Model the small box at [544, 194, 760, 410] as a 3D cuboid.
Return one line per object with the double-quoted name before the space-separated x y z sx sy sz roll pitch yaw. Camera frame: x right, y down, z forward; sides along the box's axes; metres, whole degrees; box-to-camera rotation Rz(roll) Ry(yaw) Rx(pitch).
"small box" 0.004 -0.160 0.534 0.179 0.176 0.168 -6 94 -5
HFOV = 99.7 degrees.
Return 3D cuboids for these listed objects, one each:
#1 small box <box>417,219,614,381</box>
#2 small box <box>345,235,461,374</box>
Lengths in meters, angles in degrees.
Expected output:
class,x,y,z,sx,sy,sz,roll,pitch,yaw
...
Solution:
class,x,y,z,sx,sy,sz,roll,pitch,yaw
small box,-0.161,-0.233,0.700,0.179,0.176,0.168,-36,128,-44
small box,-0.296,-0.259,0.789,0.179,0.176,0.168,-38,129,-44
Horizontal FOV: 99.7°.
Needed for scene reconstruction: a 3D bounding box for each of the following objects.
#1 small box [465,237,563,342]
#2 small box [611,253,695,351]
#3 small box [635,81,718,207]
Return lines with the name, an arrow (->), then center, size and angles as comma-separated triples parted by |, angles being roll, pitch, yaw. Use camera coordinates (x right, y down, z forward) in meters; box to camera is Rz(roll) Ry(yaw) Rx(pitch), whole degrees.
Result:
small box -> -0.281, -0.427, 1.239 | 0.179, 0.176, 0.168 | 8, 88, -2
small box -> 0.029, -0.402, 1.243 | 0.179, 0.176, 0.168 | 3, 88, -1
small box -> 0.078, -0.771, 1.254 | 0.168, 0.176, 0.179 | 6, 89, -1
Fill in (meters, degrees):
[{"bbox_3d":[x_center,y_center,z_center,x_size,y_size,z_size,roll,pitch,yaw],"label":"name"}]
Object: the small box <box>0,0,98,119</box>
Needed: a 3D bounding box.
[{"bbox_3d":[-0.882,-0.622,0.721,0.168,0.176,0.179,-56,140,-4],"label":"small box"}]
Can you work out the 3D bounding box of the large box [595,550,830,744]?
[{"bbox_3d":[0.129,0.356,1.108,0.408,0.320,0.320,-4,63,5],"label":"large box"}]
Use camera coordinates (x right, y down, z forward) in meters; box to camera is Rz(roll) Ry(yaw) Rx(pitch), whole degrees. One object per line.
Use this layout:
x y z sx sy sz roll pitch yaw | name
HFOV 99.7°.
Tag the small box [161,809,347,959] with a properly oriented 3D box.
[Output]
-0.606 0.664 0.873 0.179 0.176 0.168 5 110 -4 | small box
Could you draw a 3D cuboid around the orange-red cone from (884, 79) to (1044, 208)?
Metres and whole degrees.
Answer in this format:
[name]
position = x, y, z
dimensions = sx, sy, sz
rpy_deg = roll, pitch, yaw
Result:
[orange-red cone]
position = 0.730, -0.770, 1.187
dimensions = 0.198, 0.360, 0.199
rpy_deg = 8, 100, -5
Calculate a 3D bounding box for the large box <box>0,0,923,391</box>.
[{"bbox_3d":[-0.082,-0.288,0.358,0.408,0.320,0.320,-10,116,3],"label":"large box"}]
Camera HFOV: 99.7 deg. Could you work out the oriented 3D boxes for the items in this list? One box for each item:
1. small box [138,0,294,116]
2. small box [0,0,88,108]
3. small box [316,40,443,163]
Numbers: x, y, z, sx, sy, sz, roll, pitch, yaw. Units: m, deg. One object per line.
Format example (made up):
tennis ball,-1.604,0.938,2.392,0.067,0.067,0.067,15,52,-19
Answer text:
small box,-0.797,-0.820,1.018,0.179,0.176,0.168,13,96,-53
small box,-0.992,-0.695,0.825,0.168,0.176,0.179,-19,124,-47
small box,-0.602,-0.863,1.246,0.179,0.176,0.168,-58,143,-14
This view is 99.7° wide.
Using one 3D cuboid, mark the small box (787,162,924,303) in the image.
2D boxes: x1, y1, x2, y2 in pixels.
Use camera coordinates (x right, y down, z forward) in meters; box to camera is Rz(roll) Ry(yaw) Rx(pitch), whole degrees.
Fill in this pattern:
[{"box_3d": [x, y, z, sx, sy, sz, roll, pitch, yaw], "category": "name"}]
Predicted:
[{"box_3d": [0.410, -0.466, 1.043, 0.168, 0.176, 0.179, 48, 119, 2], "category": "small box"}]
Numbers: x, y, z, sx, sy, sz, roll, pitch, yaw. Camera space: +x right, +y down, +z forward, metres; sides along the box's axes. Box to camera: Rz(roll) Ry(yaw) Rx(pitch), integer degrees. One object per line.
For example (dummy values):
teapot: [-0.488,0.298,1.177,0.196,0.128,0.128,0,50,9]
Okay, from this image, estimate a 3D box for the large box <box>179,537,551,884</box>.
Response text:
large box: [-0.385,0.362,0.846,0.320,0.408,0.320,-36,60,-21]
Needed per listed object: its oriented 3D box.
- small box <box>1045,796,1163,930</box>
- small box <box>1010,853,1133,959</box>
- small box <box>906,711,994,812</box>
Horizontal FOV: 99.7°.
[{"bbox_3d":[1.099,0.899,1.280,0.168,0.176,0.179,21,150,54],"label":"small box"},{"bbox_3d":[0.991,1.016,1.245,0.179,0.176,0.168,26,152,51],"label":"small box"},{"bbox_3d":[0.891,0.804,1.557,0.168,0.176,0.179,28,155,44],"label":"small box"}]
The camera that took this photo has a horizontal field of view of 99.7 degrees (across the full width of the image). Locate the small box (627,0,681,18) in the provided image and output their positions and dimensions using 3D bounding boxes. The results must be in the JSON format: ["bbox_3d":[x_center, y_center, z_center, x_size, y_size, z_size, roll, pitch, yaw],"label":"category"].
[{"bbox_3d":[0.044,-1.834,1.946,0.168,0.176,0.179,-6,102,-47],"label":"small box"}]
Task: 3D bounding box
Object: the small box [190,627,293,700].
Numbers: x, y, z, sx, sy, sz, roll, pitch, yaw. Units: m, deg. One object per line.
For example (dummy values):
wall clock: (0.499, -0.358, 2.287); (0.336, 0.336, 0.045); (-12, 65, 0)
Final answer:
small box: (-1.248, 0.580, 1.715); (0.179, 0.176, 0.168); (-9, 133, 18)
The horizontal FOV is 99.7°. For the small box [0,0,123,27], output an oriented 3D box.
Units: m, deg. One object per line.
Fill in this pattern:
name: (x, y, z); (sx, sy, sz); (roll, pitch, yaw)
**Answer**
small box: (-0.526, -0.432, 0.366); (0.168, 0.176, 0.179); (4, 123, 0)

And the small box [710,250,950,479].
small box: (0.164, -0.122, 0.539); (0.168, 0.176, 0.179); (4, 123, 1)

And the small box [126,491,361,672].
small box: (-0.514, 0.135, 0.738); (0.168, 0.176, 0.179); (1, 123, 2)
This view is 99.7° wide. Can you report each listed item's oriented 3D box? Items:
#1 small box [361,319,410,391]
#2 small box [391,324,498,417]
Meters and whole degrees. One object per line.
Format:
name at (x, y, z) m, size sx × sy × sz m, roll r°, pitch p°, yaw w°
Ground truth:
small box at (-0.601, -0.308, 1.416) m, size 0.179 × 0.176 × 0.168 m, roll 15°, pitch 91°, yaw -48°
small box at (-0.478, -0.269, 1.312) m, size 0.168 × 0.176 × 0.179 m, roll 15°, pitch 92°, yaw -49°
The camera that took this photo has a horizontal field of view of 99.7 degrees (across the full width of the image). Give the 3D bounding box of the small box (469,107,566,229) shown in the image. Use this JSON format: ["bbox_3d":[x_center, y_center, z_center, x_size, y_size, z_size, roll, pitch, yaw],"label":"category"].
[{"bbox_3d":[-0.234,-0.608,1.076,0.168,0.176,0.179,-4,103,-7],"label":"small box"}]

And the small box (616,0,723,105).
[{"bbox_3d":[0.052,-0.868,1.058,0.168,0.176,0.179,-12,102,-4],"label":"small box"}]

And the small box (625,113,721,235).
________
Aim of the task: Output the data exactly, from the first line through the line that holds "Return lines with", so that no later line appears.

Output for this task:
Model the small box at [544, 194, 760, 410] as a 3D cuboid.
Return one line per object with the double-quoted name before the space-separated x y z sx sy sz roll pitch yaw. Camera frame: x right, y down, z forward; sides along the box's axes; metres, whole degrees; box-to-camera rotation Rz(roll) Ry(yaw) Rx(pitch).
"small box" 0.004 -0.160 0.534 0.179 0.176 0.168 -6 94 -5
HFOV = 99.7 degrees.
Return 3D cuboids for these listed objects, one each:
#1 small box <box>417,219,614,381</box>
#2 small box <box>345,235,461,374</box>
Lengths in meters, angles in degrees.
Expected output:
class,x,y,z,sx,sy,sz,roll,pitch,yaw
...
Solution:
class,x,y,z,sx,sy,sz,roll,pitch,yaw
small box,-0.161,-0.233,0.700,0.179,0.176,0.168,-36,128,-44
small box,-0.296,-0.259,0.789,0.179,0.176,0.168,-38,129,-44
Horizontal FOV: 99.7°.
Needed for scene reconstruction: a 3D bounding box for each of the following objects.
#1 small box [465,237,563,342]
#2 small box [611,253,695,351]
#3 small box [635,81,718,207]
Return lines with the name, an arrow (->), then center, size and angles as comma-separated triples parted by |, angles being roll, pitch, yaw. Use camera coordinates (x right, y down, z forward) in meters; box to camera is Rz(roll) Ry(yaw) Rx(pitch), whole degrees.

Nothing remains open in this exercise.